CI/CD is often described as the process that automates the deployment. It includes actions like testing, building, and deploying, but sometimes those steps are not enough. A pipeline can be completed successfully while still deploying something that's not working as intended.
This usually occurs when the pipeline checks whether the technical steps ran, but not whether the final outcome makes sense from a functional or business point of view.
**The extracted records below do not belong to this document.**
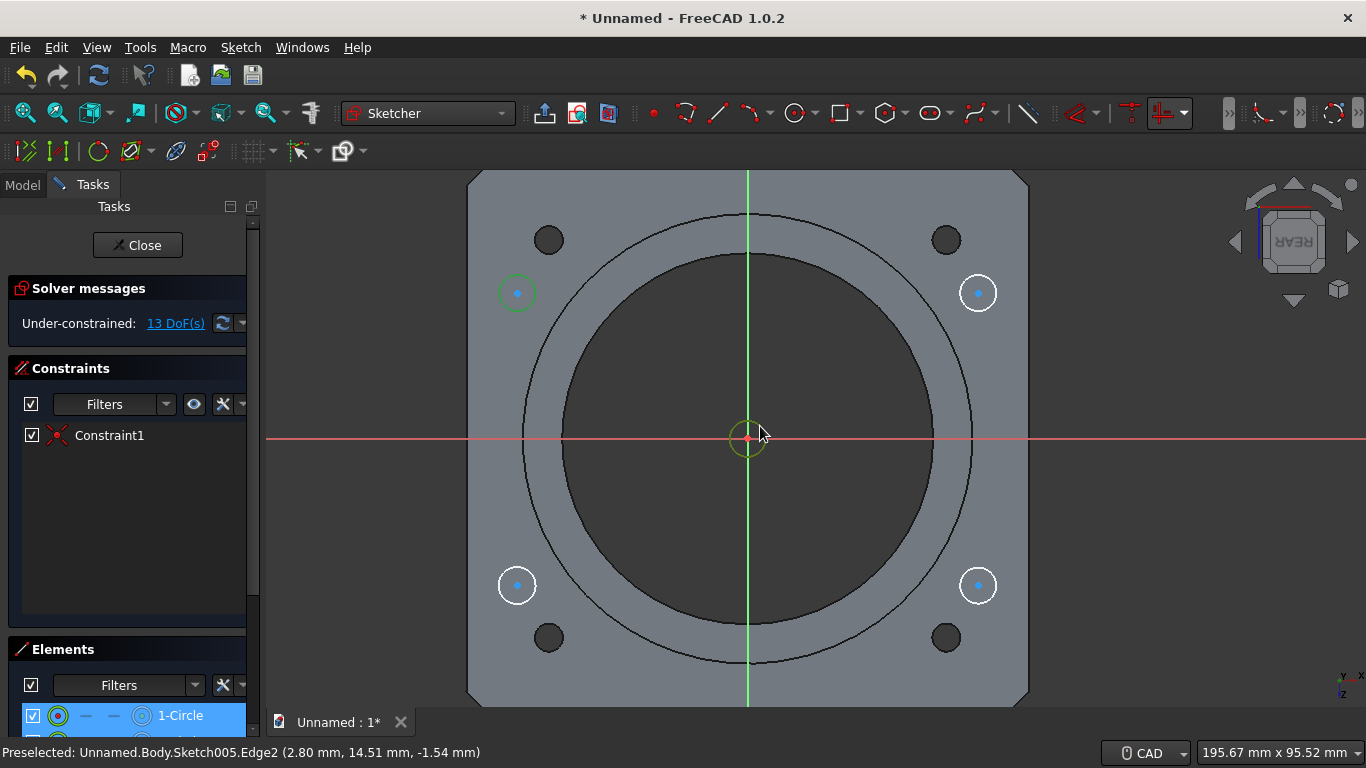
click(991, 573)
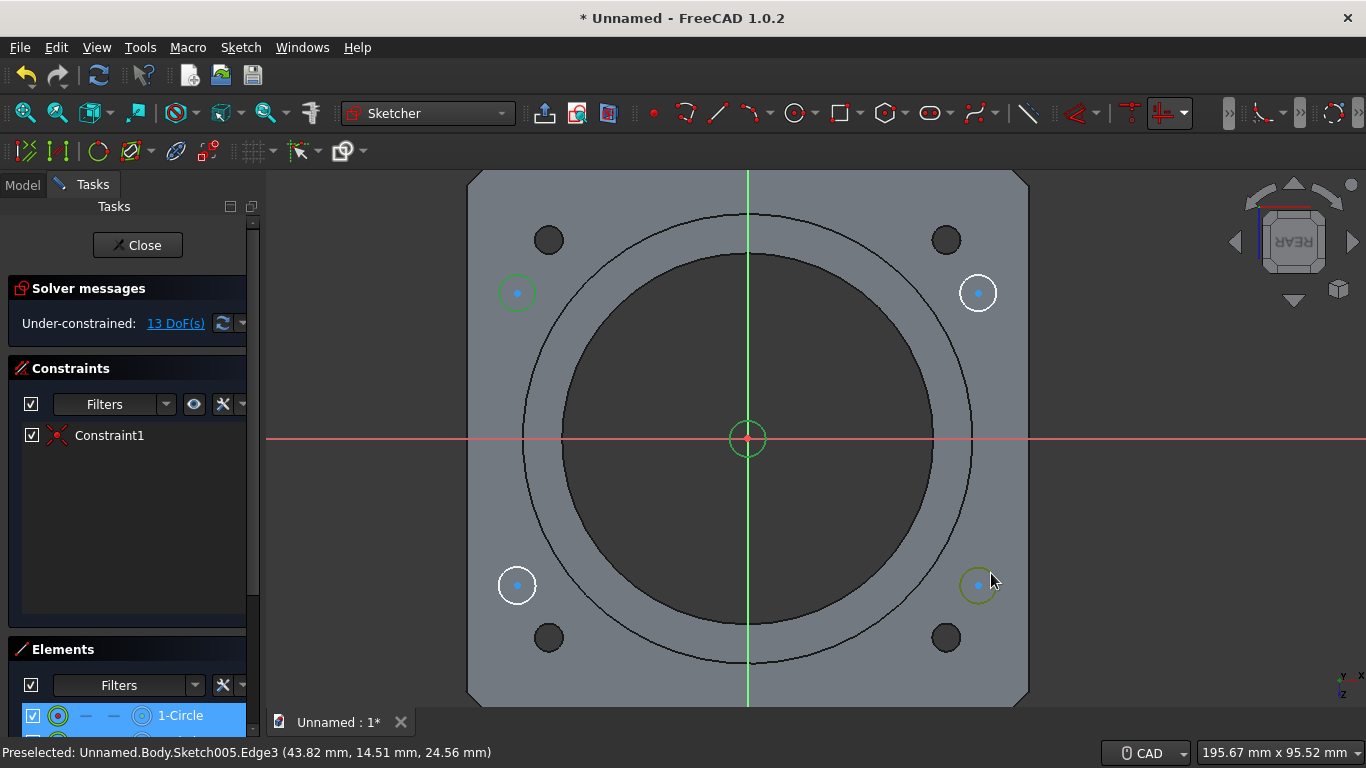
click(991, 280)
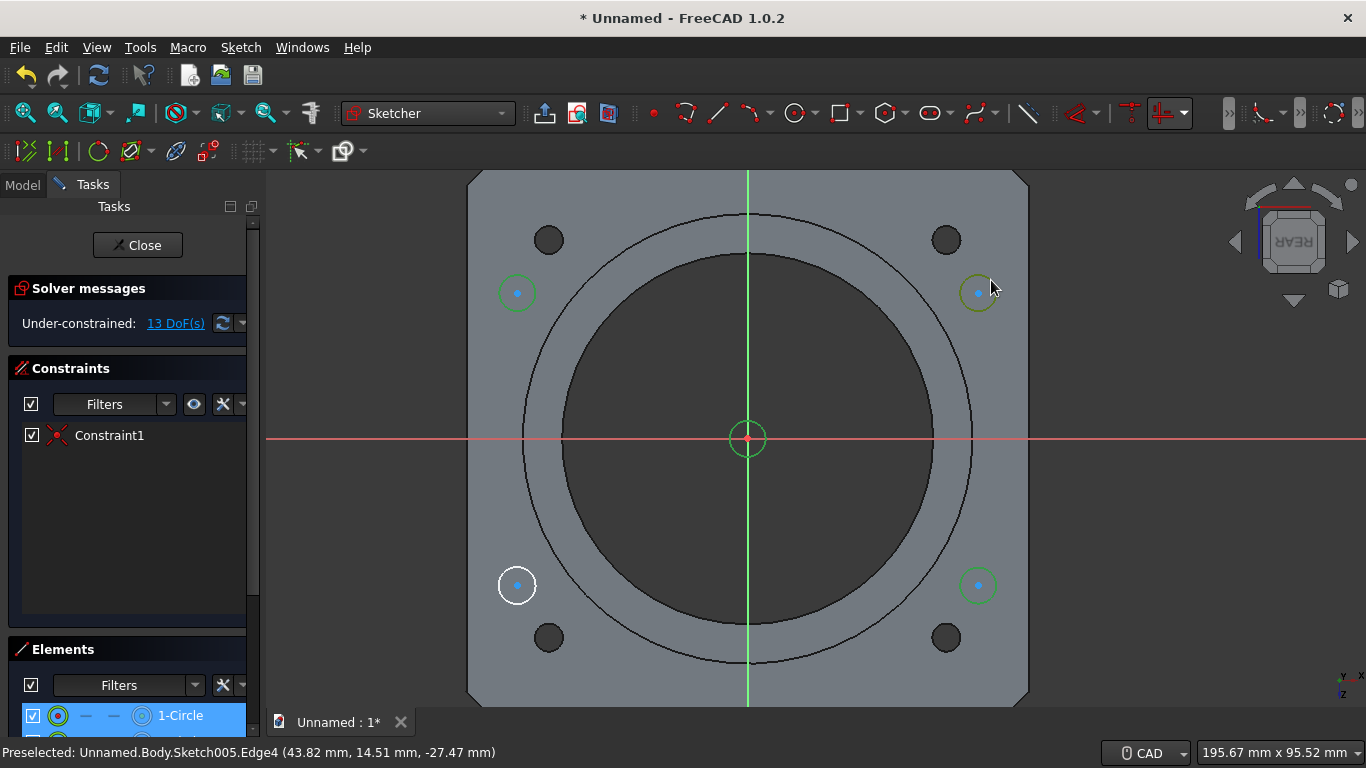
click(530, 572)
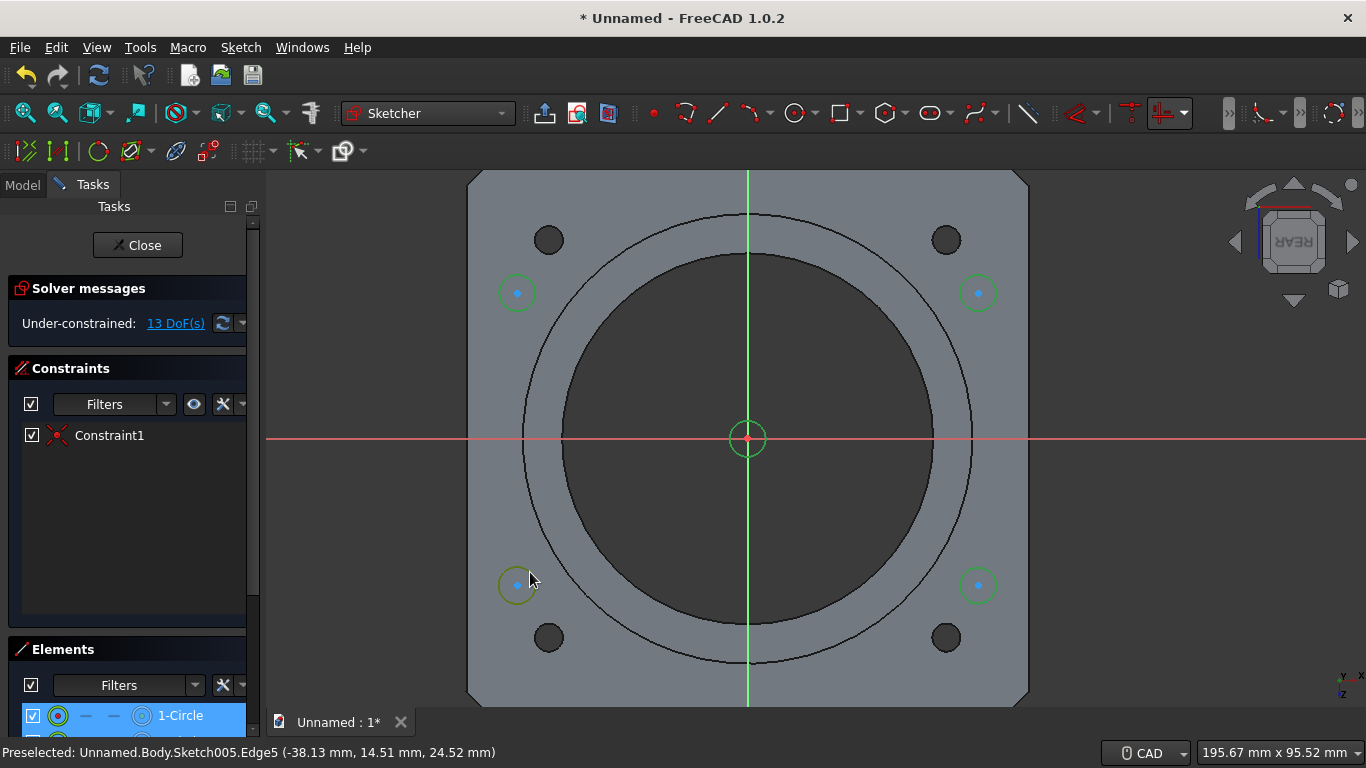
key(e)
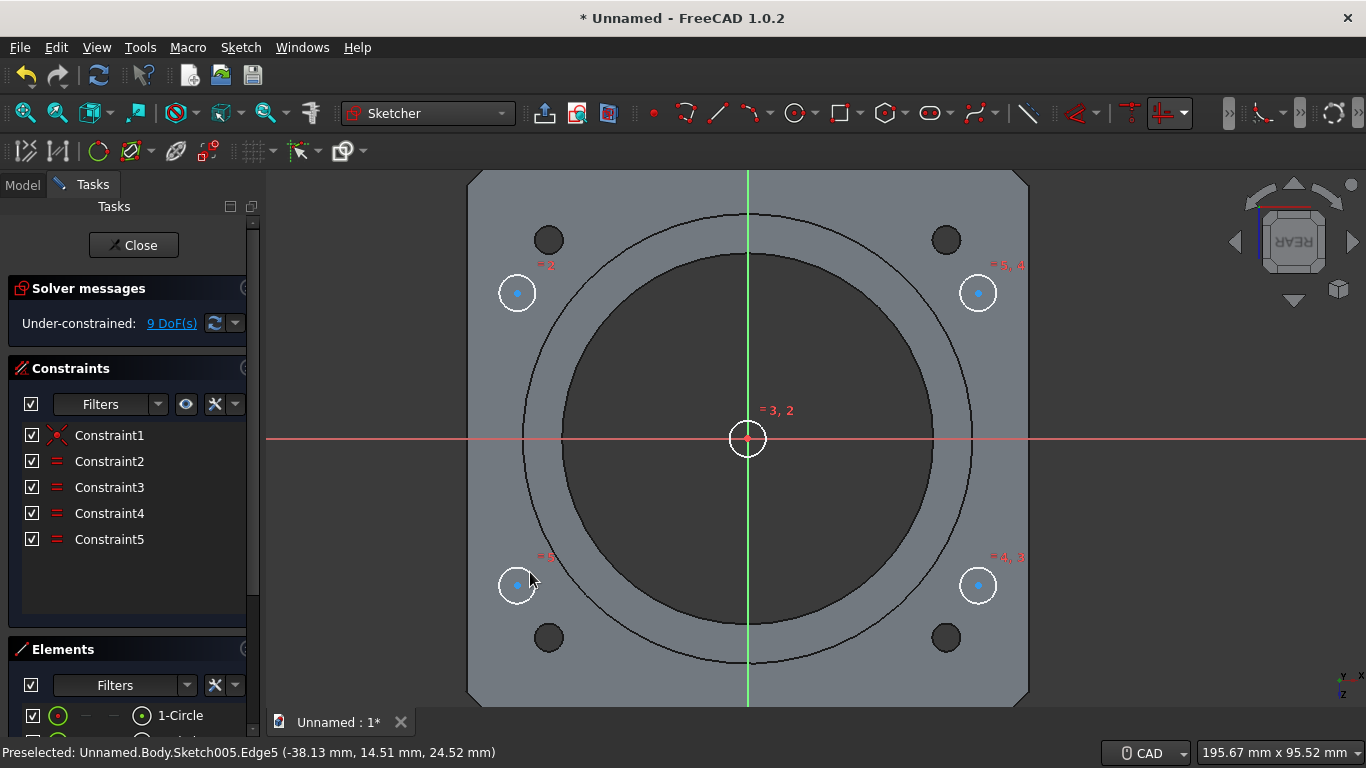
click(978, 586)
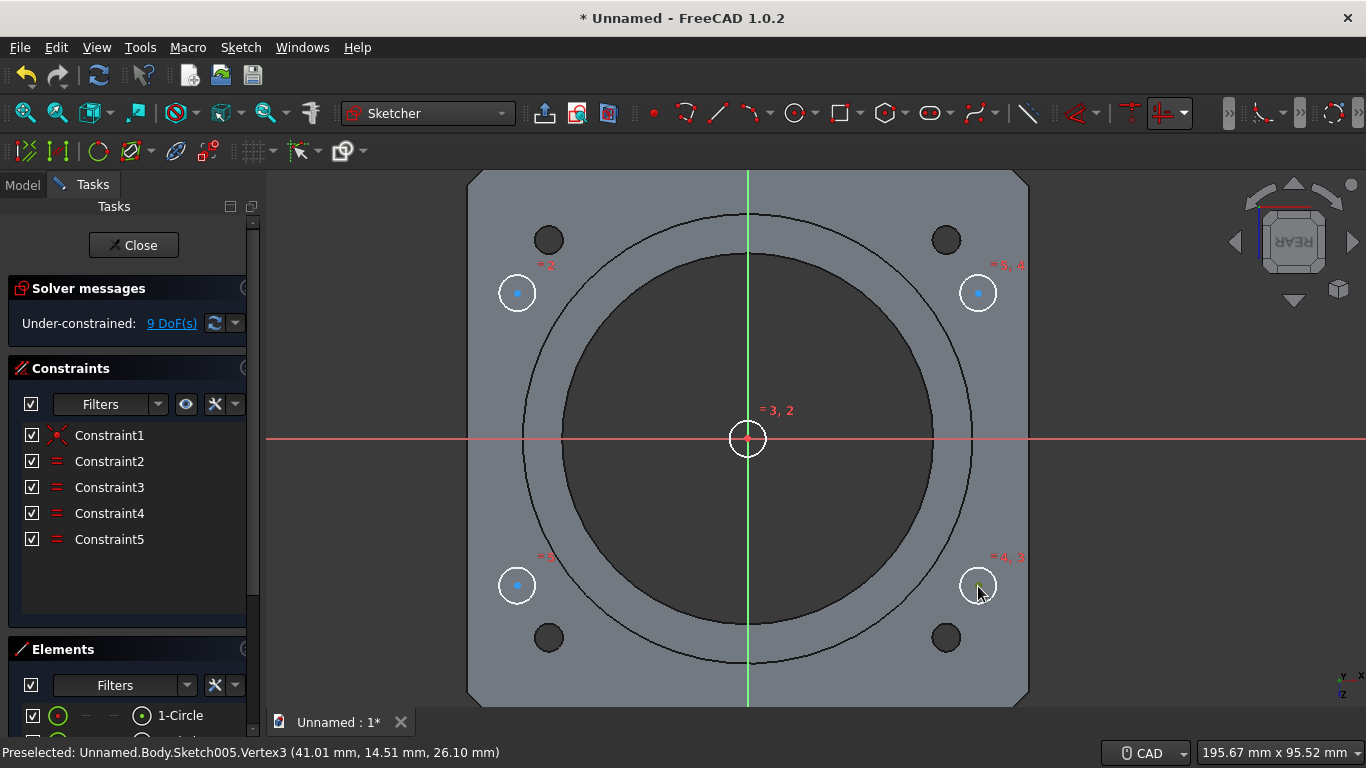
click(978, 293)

And this isn’t exclusive to one type of software: it can happen with an API returning inaccurate responses, a web app failing to show data, or a microservice saving inconsistent records.
That’s why it’s good practice to ask: “If all jobs run successfully, is the result actually reliable?” If you can’t confidently say yes, the pipeline needs better validations.
Where Should Validations Happen?
Validations in a CI/CD pipeline can happen at two key moments:
Before Deployment (CI): to ensure the release won’t break anything critical and that the software is always in a working state.
After Deployment (CD): to confirm that the system behaves as expected in a real environment.
Validating at both points helps you catch issues early and react fast when something breaks. They’re different checks, but they complement each other.
This is what smoke testing (in the CI stage) and regression testing (in the CD stage) are for. Simple but essential practices when you want a reliable pipeline.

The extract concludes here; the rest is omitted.